::: EXTRACTED RECORDS :::
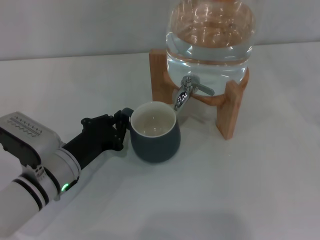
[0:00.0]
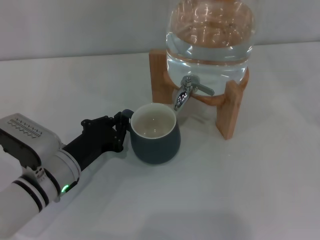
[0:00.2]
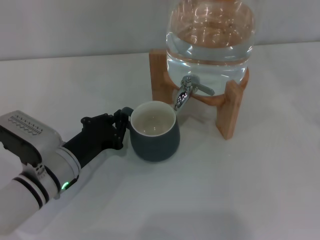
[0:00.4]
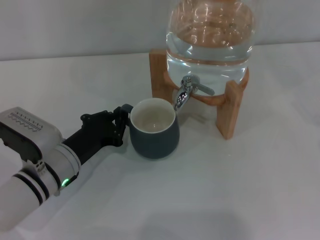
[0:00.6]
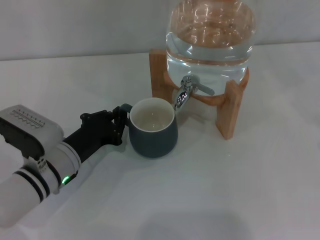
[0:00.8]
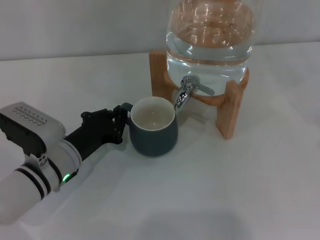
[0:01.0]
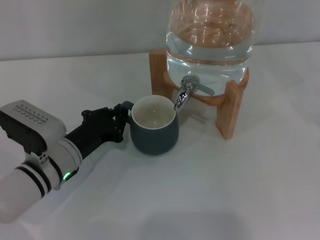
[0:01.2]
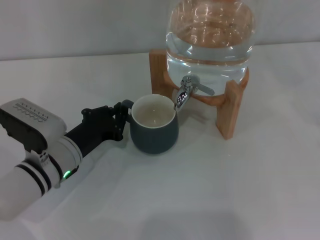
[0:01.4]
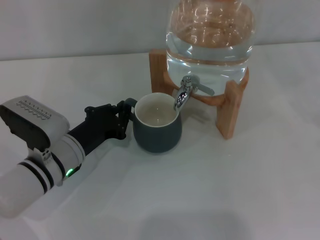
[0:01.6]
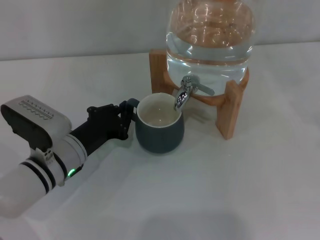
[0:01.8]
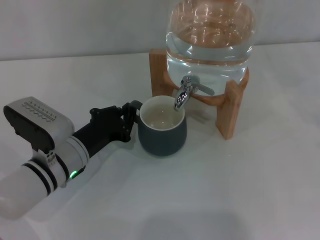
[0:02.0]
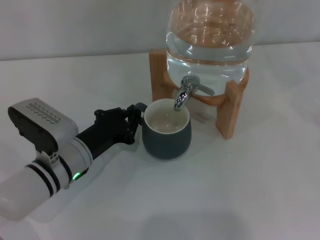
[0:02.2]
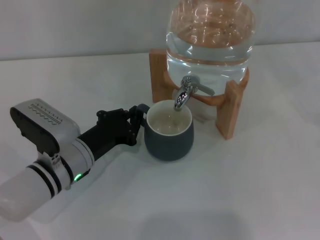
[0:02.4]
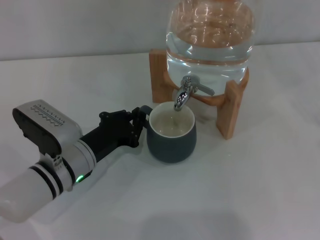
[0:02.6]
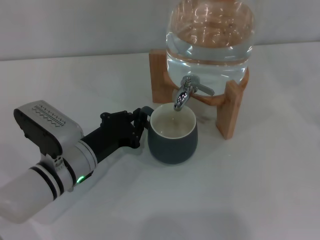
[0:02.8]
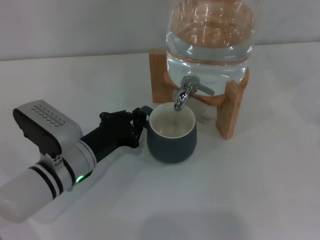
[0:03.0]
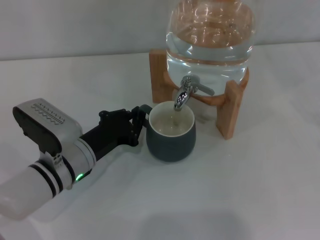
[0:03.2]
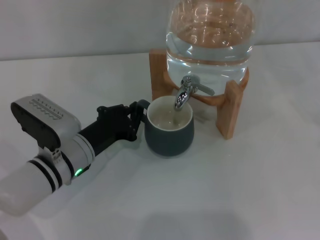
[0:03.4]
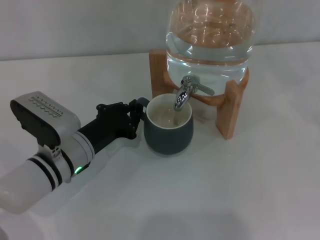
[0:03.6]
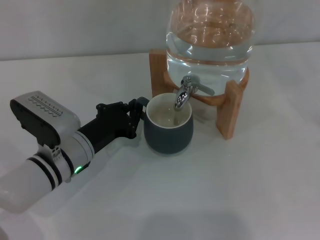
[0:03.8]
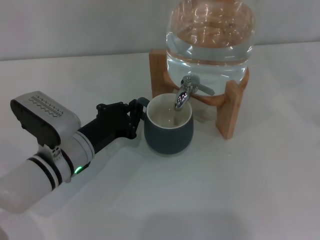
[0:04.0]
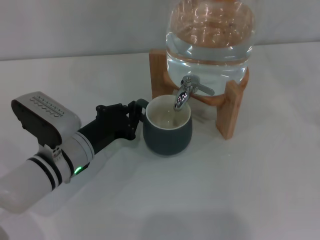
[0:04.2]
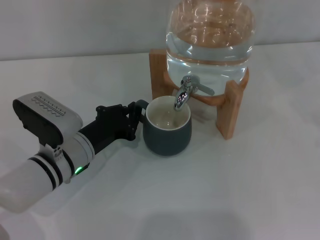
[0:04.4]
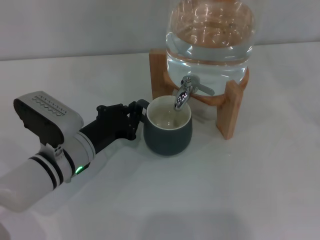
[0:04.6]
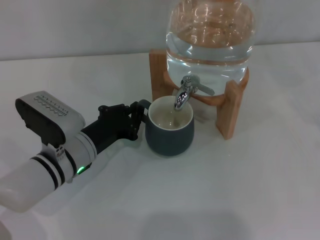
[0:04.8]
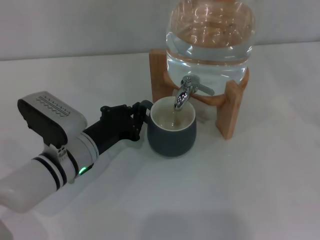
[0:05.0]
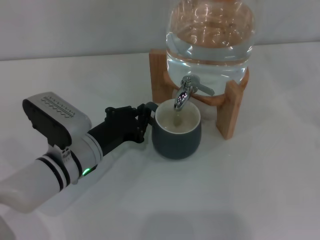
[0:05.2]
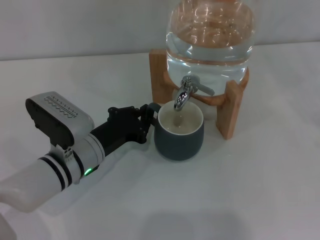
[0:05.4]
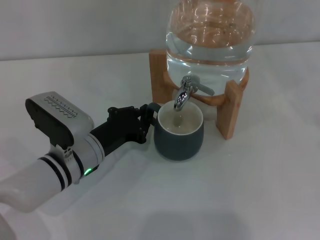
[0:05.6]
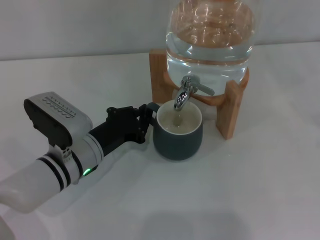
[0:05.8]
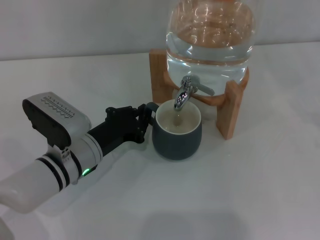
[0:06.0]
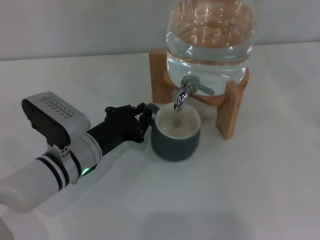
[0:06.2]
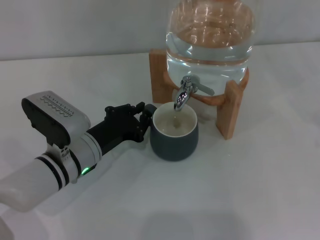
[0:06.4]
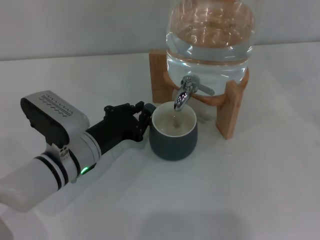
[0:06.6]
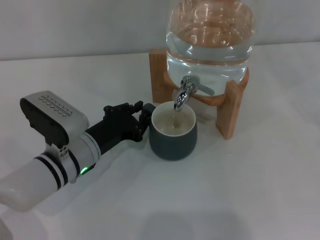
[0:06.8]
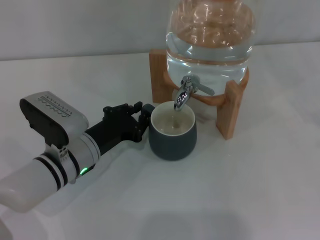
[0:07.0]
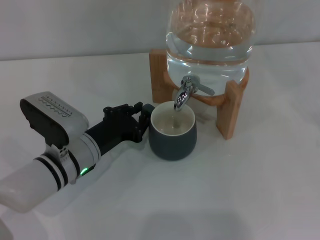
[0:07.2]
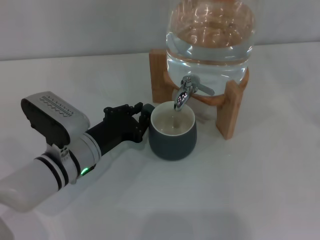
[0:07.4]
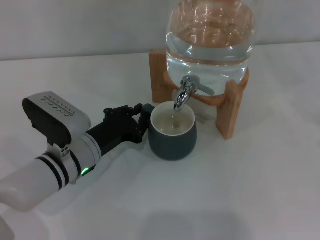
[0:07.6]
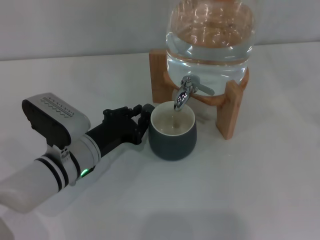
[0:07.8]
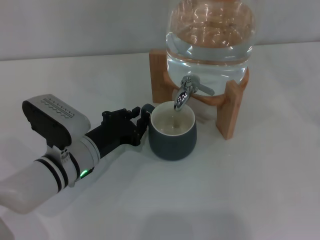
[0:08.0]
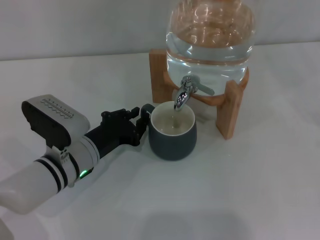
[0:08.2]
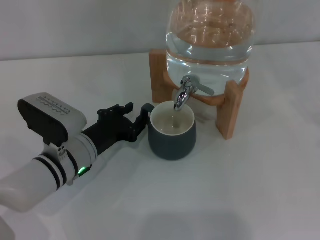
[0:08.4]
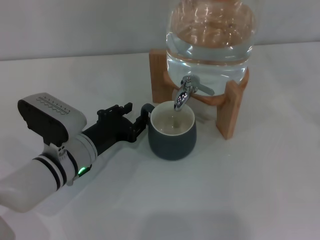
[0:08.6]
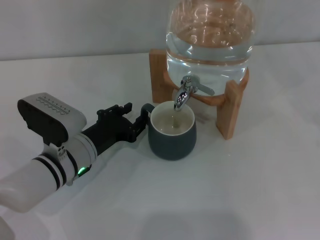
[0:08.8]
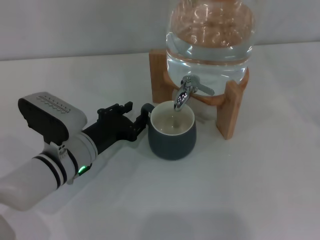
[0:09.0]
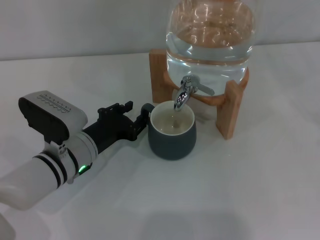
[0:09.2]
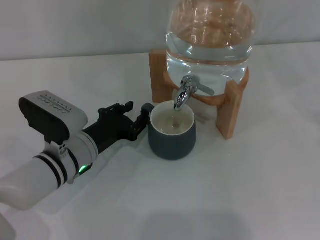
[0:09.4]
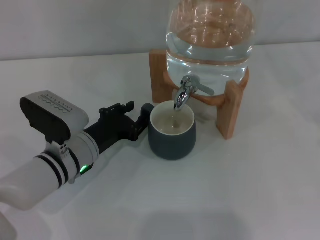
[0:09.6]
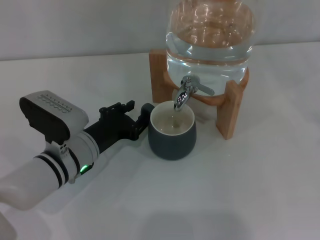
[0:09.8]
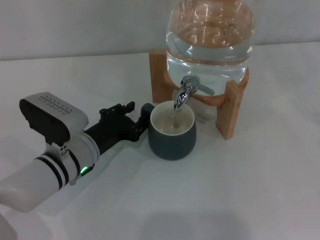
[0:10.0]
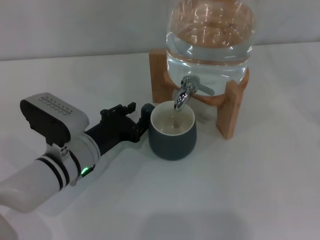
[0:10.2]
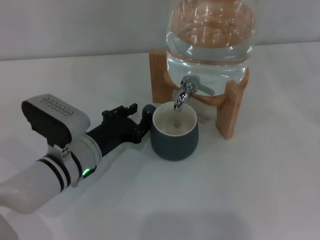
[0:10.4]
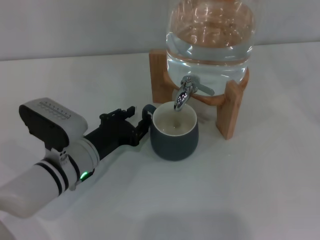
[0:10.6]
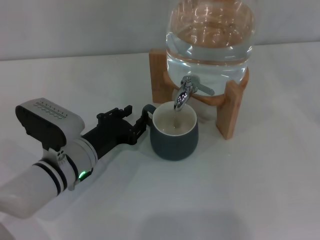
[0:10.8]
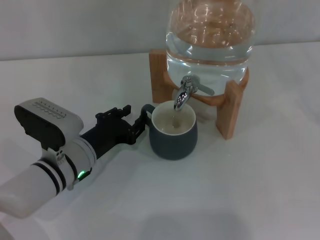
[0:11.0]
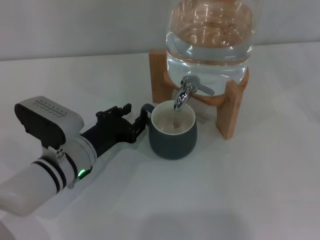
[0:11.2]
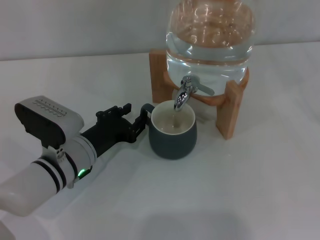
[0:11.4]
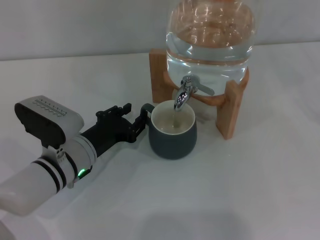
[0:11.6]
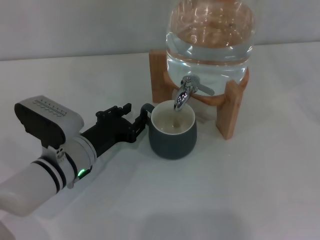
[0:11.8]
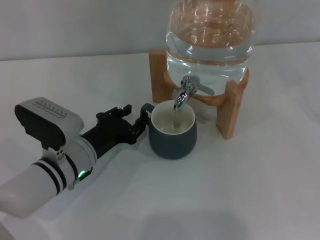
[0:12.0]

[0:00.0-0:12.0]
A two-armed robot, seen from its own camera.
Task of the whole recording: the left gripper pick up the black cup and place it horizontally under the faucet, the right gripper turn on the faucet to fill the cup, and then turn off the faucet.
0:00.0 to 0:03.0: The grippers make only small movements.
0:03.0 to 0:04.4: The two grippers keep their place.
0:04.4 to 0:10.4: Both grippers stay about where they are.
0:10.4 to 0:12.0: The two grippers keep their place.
:::
* **WHAT IS EXPECTED**
Every entry above needs to be duplicated exactly, without its images.

* **EXERCISE RESULT**
[0:00.0]
[0:00.2]
[0:00.4]
[0:00.6]
[0:00.8]
[0:01.0]
[0:01.2]
[0:01.4]
[0:01.6]
[0:01.8]
[0:02.0]
[0:02.2]
[0:02.4]
[0:02.6]
[0:02.8]
[0:03.0]
[0:03.2]
[0:03.4]
[0:03.6]
[0:03.8]
[0:04.0]
[0:04.2]
[0:04.4]
[0:04.6]
[0:04.8]
[0:05.0]
[0:05.2]
[0:05.4]
[0:05.6]
[0:05.8]
[0:06.0]
[0:06.2]
[0:06.4]
[0:06.6]
[0:06.8]
[0:07.0]
[0:07.2]
[0:07.4]
[0:07.6]
[0:07.8]
[0:08.0]
[0:08.2]
[0:08.4]
[0:08.6]
[0:08.8]
[0:09.0]
[0:09.2]
[0:09.4]
[0:09.6]
[0:09.8]
[0:10.0]
[0:10.2]
[0:10.4]
[0:10.6]
[0:10.8]
[0:11.0]
[0:11.2]
[0:11.4]
[0:11.6]
[0:11.8]
[0:12.0]

[0:00.0-0:12.0]
A two-armed robot, seen from its own camera.
Task of the whole recording: the left gripper pick up the black cup and place it horizontally under the faucet, the right gripper turn on the faucet to fill the cup, and then turn off the faucet.
0:00.0 to 0:03.0: The grippers make only small movements.
0:03.0 to 0:04.4: The two grippers keep their place.
0:04.4 to 0:10.4: Both grippers stay about where they are.
0:10.4 to 0:12.0: The two grippers keep their place.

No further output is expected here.